The study took place in Finland, one of many Northern European countries still detoxing from the heady days of the ‘Dutch Protocol’.
Researchers analysed comprehensive data sets from national health registers, identifying over 2,000 individuals (with a median age of 18.5 years) experiencing gender distress in the years 1996 to 2019.
Unlike similar studies that lose many patients in the process of follow-up, the use of national registers meant the entire cohort could be followed throughout their period of treatment, which lasted an average of six years.
The research team created a control group by matching each subject to four male and four female peers from an equivalent age bracket and municipality of birth, for a total of over 16,000 control subjects.
While researchers found higher rates of both suicide mortality and all-cause mortality among the gender-distressed youth, once their psychiatric treatment history was taken into account, those differences evaporated.
“Gender dysphoria per se does not seem to predict neither all-cause nor suicide mortality in gender-referred adolescents,” the researchers concluded.
The “main predictor of mortality in this population is psychiatric morbidity,” they note.
“Medical gender reassignment does not have an impact on suicide risk.”

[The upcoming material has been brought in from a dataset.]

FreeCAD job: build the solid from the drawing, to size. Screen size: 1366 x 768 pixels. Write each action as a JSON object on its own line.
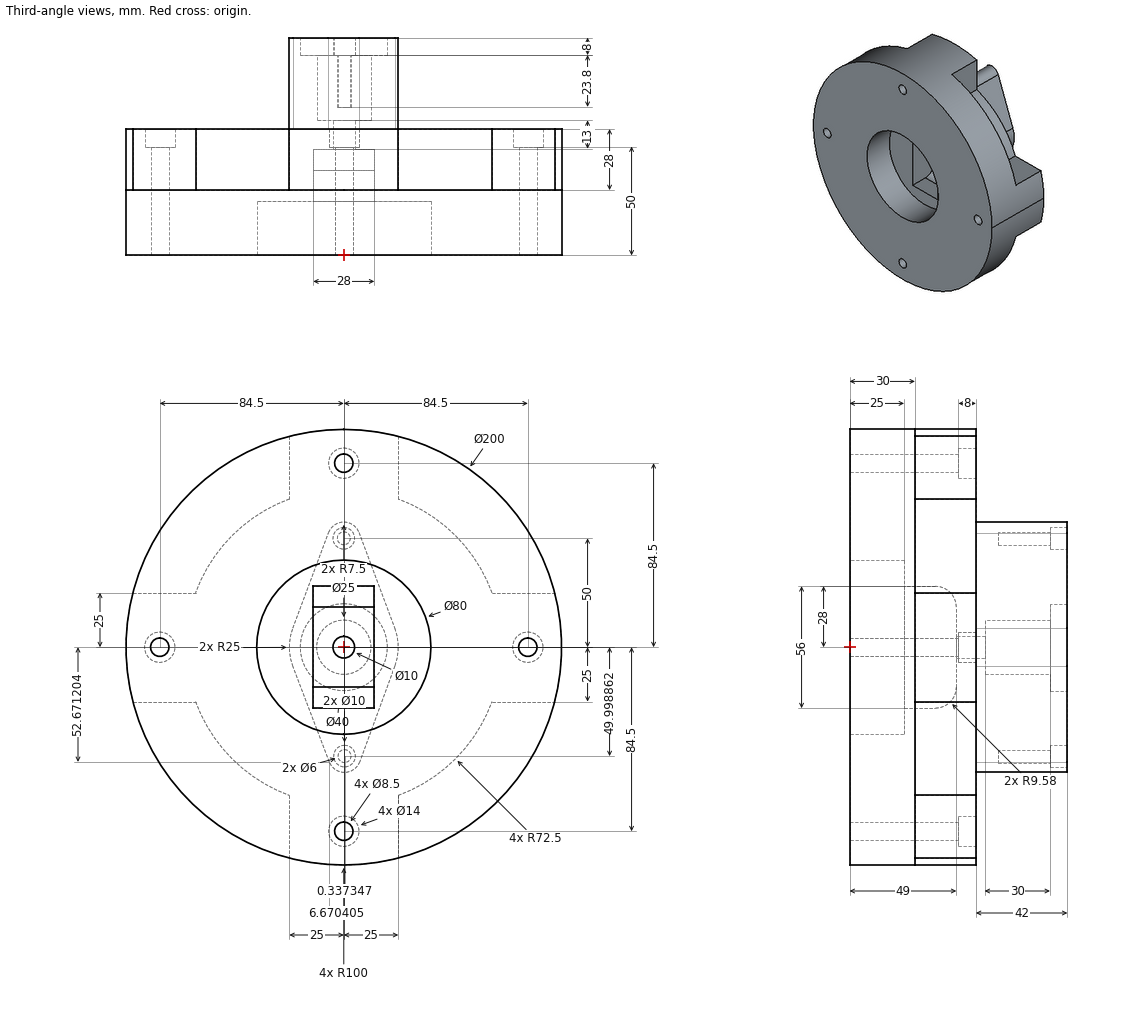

Elaborating further, they explain:
In this nationally representative, register-based, long-term, follow-up study, the all-cause mortality of gender-referred adolescents did not statistically significantly differ from that of matched population controls. Suicide mortality first appeared to be much higher among gender-referred participants; however, the association was fully explained by psychiatric treatment history. All-cause and suicide mortalities did not differ between those gender referred who had and had not proceeded to GR [gender reassignment: masculinising/feminising hormonal treatments, mastectomies and/or genital surgery] when psychiatric treatment history was accounted for.
“This does not support the claims that GR is necessary in order to prevent suicide,” the research team concluded.
Harm prevention
Australian journalist Bernard Lane, editor of Gender Clinic News, is one of the most authoritative sources on gender medicine, according to Mercator’s Michael Cook.
Lane has dubbed the new Finnish paper “landmark research” in a field dominated by “low-quality anonymous online self-report surveys with no follow-up checks, potential exaggeration driven by a constant ‘transition or suicide’ narrative, and ‘convenience samples’ unlikely to be representative”. He writes:
The new Finnish study vindicates that country’s 2020 adoption of a more cautious treatment policy which first targets psychiatric, social and educational problems among gender-distressed youth before any assumption of a stable trans identity justifying “experimental” affirmation with hormones or surgery.
Lane took particular interest in the involvement of psychiatrist Riittakerttu Kaltiala in the latest Finnish study.
Kaltiala “helped pioneer paediatric gender medicine in Finland,” Lane explains, “but became concerned when she and her colleagues did not see the good outcomes promised by the internationally imitated ‘Dutch protocol’ of puberty blockers followed by cross-sex hormones and surgery”.
Separate to the Finnish study, television celebrity Dr Phil appeared in an interview with Joe Rogan last week, in which he came out swinging against all things “gender-affirming care”.
“I thought the deal was first do no harm,” Dr Phil told his host.
“I have never seen [all the major medical] organisations sign off on anything with less information as to whether or not it does long-term harm in my life.”
Everywhere you look, the “trans surgery or suicide” schtick is on its last legs.
Australia and America, take note.
There couldn’t be better news for gender-confused children, who in the years to come will finally be able to access the care they really need.